Ds. A. Brummelkamp (1811-1888) institueerde de gemeente te Beekbergen .

De vraag is wie de onrust veroorzaakte. De godsdienstoefening die Brummelkamp in de woning van de weduwe Alphers  wilde houden was niet verboden. Volgens een uit de Napoleontische tijd daterende wet – die nu toegepast werd op godsdienstige samenkomsten – was het verboden godsdienstige bijeenkomsten te houden van meer dan twintig personen. In de woning van de weduwe waren slechts twaalf personen aanwezig. Bovendien gaf Brummelkamp aan de godsdienstoefening te zullen beëindigen.

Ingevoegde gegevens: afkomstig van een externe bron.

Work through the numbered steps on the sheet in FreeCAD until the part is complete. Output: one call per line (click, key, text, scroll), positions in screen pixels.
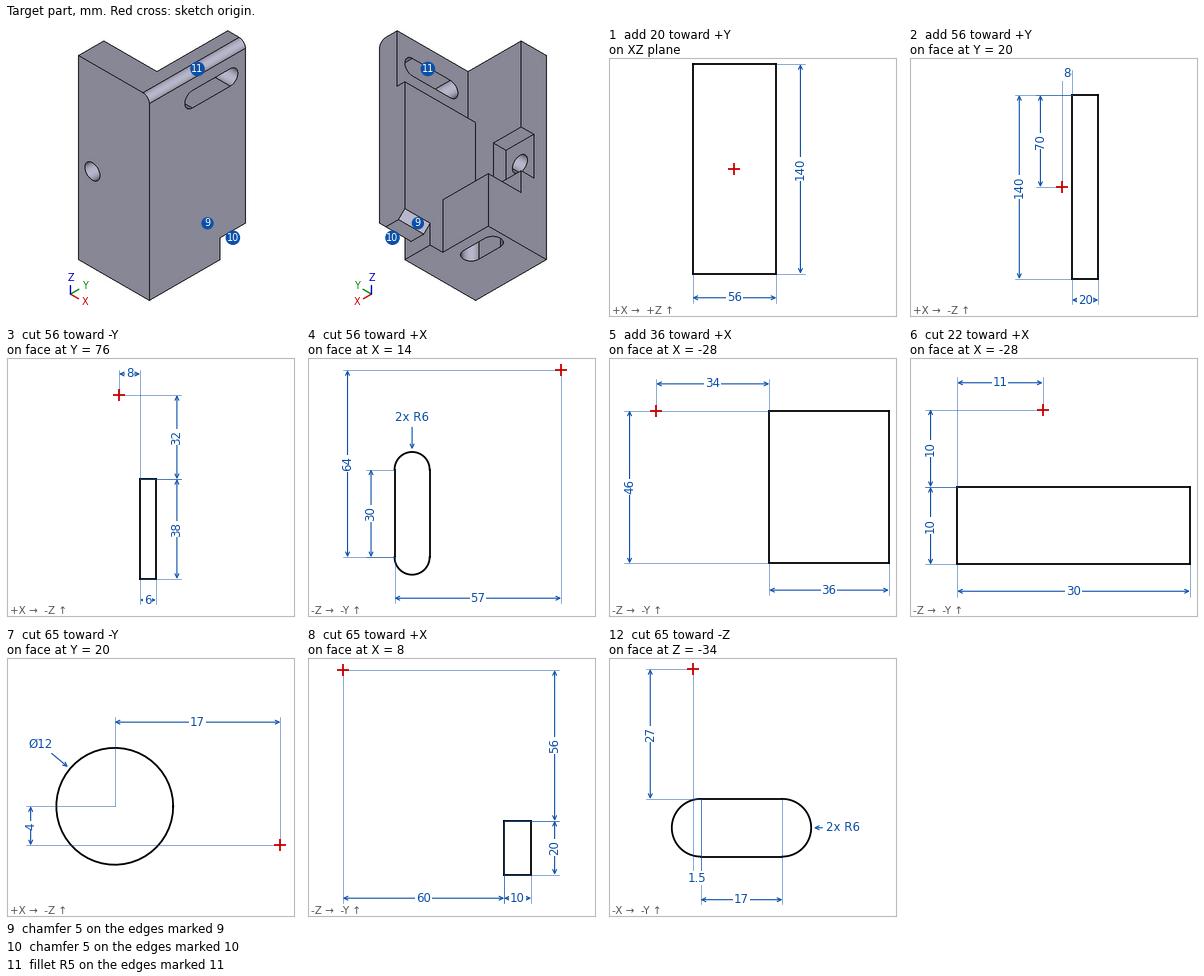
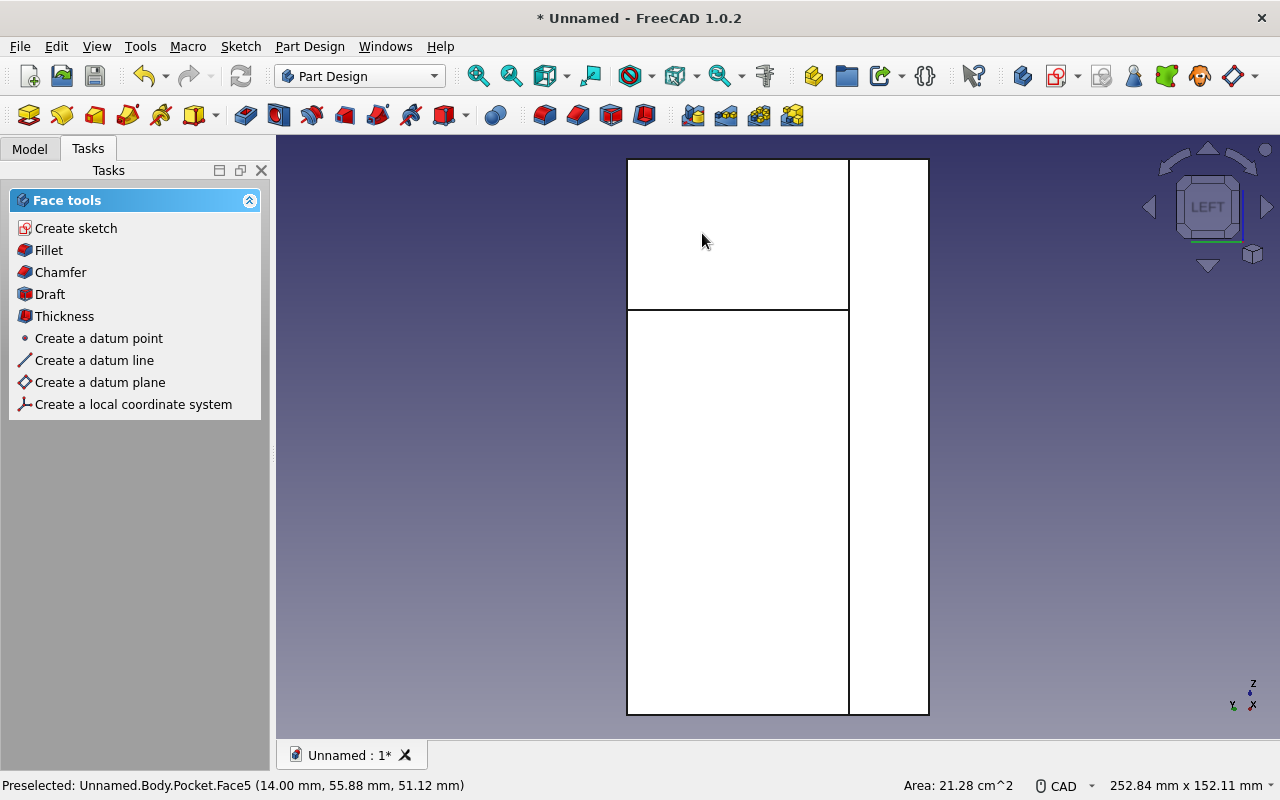
click(1056, 76)

Hoeveel opzien zullen de militairen echter niet veroorzaakt hebben toen ze, begeleid door een tamboer, door het dorp marcheerden en de wacht bij de woning betrokken? De nieuwsgierigen, die als reactie daarop naar het huis van de weduwe Alphers kwamen, zullen ongetwijfeld bij de burgemeester de vrees gewekt hebben dat het tot opstootjes zou kunnen komen. Maar dat was dan wel aan de inzet van de infanterie te wijten…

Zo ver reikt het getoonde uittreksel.